やがて飼い犬に手を噛まれたかのような表情へと変わっていく三浦の表情。おそらくは今まで自分に口答えしたことがなかった由比ヶ浜が自分の頼みを聞いてくれなかったことで裏切られた心地にでもなっているのだろう。
自分の望んでいた反応を返してくれてたから友達でいられてた相手が、自分の期待したのとは違う反応を返すようになってしまった、この現状。
配役は違うし上下関係も逆になってしまったが、さっき俺がしていた妄想と懸念を実現させた形となり、俺としては心底・・・・・・不本意なことこの上ない心地にさせられる展開だった。
だから、あんまし見たくないって言わなかったけど思ってたじゃんかよー・・・。
「は? え、ちょ、なになに? なんかさー、ユイこないだもそんなん言って放課後ばっくれなかった? ちょっと最近付き合い悪くない?」
「やー、それはなんて言うかやむにやまれぬというか私事で恐縮ですというか・・・・・・」
しどろもどろになりながら、こんな時だけ社会人が使いそうな言い回し使った返事を返す由比ヶ浜。お前は上司に言い訳する中年サラリーマンかなんかか? 親父を彷彿としちゃうからやめろよ。高校生の時点でいろいろ知ってて教えてくれたサラリー親父な見た目は美少女高校生なんて夢が壊れちまいそうじゃねぇか。
「それじゃわかんないから。言いたいことあんならはっきり言いなよ。あーしら、友達じゃん。そういうさー、隠しごと? とかよくなくない?」
由比ヶ浜の態度が逆効果になったのか、三浦はカツカツと苛立たしげに爪で机を叩きながら由比ヶ浜を糾弾し、怒りのオーラで静まりかえらせた教室内に気忙しく机を爪で弾く音だけを響かせていく。
なんと言うか、コイツはコイツで神経質なエリート秀才タイプの上司くさい反応のし方をする奴だった。流行ってんのかな? 女子高生の間でリーマン就職志望先とかに。嫌な時代になったもんだなオイ、いくらなんでも嫌すぎる・・・。
「ごめん・・・・・・」
「だーかーらー、ごめんじゃなくて。なんか言いたいことあんでしょ?」
下を向いていた由比ヶ浜は恐る恐る声を出して、そう言い返されてしゅんとなって項垂れる。
ああいう言い方をされて、正直に言いたいことを言える奴なんて滅多にはいない。俺とかの例外ぐらいなものだろう。

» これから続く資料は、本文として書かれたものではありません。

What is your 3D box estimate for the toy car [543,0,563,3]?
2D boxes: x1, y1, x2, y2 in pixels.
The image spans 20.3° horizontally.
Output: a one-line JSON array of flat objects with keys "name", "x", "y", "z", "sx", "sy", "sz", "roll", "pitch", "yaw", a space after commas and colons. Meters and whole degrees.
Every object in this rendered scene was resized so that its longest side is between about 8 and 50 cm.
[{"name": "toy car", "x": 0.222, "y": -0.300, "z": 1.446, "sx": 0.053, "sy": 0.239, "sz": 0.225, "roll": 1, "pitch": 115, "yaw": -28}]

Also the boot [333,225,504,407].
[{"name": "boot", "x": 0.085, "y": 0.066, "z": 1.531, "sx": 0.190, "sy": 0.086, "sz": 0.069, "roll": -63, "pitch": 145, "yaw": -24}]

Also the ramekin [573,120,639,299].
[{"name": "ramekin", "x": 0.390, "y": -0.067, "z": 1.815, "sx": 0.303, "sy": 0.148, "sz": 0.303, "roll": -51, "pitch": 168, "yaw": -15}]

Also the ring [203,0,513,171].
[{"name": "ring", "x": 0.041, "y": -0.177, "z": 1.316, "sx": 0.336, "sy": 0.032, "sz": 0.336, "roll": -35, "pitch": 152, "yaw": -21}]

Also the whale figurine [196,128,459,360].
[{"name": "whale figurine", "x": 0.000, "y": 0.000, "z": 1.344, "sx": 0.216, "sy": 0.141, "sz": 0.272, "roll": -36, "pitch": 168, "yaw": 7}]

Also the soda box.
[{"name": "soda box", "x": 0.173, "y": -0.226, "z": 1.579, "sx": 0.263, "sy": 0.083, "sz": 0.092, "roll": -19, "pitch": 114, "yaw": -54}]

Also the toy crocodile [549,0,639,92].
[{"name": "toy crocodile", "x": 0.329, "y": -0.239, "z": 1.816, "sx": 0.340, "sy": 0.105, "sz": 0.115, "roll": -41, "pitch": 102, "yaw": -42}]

ある意味それもまた当然のことではある。三浦は由比ヶ浜を相手に会話をしているわけでも、質問をしているわけでもない。ただ攻撃して謝らせたいだけ、自分の望んだとおりの反応だけを返していた飼い犬に戻れと要求しているだけなのだ。
実にあほくさいし、バカバカしい茶番劇だが放っておく訳にもいかない。
なぜなら俺は今、パンを食べている。食事ってのはもっと楽しくて幸せなものじゃないといけないと『孤独のグルメ』の五郎さんも言っていた。好きなドラマの名言は尊重しなければなるまいて。
それに、ま。・・・・・・気に入らねぇんだよ、このアマは。
「あー、えっとだな―――」
「るっさい」
俺が机をガタッと鳴らして立ち上がり、何か言おうとした瞬間に蛇のような目でこっちを睨みながら言ってきた言葉がこれである。

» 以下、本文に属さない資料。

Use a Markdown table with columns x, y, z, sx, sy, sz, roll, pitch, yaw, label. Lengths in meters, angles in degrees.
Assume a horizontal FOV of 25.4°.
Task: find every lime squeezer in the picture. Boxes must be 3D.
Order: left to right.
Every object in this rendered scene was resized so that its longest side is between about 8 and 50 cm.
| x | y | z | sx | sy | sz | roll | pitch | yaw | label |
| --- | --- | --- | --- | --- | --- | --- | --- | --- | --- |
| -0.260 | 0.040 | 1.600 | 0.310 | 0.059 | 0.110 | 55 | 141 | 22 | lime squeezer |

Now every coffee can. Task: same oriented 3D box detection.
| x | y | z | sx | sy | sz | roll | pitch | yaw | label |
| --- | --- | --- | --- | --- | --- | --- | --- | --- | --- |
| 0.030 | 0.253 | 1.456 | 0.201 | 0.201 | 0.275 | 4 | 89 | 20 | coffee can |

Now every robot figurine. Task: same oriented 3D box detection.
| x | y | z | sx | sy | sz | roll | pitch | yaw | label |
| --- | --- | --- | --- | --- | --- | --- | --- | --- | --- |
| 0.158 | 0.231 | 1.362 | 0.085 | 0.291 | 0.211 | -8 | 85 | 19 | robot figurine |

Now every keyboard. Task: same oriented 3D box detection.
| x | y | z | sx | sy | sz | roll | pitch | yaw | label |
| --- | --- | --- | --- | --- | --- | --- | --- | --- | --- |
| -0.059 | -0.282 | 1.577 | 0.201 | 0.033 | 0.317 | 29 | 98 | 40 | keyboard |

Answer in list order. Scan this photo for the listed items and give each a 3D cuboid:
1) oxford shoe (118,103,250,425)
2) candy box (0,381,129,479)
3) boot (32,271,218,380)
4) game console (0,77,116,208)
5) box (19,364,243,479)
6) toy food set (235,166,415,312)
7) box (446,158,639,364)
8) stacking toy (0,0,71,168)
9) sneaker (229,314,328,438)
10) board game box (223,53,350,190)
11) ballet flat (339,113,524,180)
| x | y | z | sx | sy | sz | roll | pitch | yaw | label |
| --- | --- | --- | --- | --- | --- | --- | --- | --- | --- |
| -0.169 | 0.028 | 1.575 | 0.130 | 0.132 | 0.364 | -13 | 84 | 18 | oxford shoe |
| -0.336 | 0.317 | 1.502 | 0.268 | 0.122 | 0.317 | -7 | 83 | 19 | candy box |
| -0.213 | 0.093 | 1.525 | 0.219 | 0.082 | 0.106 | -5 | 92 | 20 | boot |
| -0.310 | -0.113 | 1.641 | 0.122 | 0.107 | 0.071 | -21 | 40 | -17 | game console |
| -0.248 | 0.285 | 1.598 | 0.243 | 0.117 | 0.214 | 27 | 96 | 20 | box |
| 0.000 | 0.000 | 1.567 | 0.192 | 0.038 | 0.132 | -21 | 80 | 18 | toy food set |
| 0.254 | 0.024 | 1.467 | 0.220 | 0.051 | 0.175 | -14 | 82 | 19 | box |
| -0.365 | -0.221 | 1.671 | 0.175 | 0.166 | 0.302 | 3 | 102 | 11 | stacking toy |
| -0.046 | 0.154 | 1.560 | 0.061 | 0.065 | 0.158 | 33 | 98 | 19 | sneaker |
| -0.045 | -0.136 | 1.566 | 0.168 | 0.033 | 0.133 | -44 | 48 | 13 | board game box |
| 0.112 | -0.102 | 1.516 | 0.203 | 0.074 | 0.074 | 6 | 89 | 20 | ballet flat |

まるで道理が通らないし、通す気もなく、ただただ自分の感情を貫き通すために理屈も何も感も度外視して自分の望んだとおりの反応をするよう俺の方にも求めて来やがる。
要するに――邪魔だ、引っ込んでいろと。
俺はこれに対して・・・・・・怖かったので目をそらし、思わず謝りたくなっちまうほどの凶眼で睨み付けてくる三浦を説教、もとい説得することを諦めて―――この場の権威に縋りつく。
「・・・飯食ってる最中なんだよ。喧嘩するなら別のところに連れてってからやってくれないか? 人の悪口聞きながら昼飯食っても不味くなるだけなんだが・・・・・・」
「あ―――」
俺が三浦の視線から逃れて、声と視線を向けた先。この場における上位カーストのリーダーにして、三浦が相手の望み通りの反応を返さざるを得なくなる絶対強者。
葉山隼人。そいつに向かって俺はアイコンタクトと丸く収める正論口実とを同時に送ってやって、動かざるを得ない状況にまで葉山隼人を再起動させてやることに成功する。
「――優美子、今は昼休み中で食事している人だっている公共の時間帯だ。そういう話をするべき場所と状況じゃない」
「隼人!? でも――っ」
「わかってるよ、優美子。でも今は良くない。後で俺もいて、ちゃんと聞いてあげるから今は抑えてくれないか・・・? 頼む」
「・・・ッ!!!」
そう言われ、自分が媚びてる男から頭まで下げられてしまうと三浦としてもどうすることもできず、矛を収めるより他はない。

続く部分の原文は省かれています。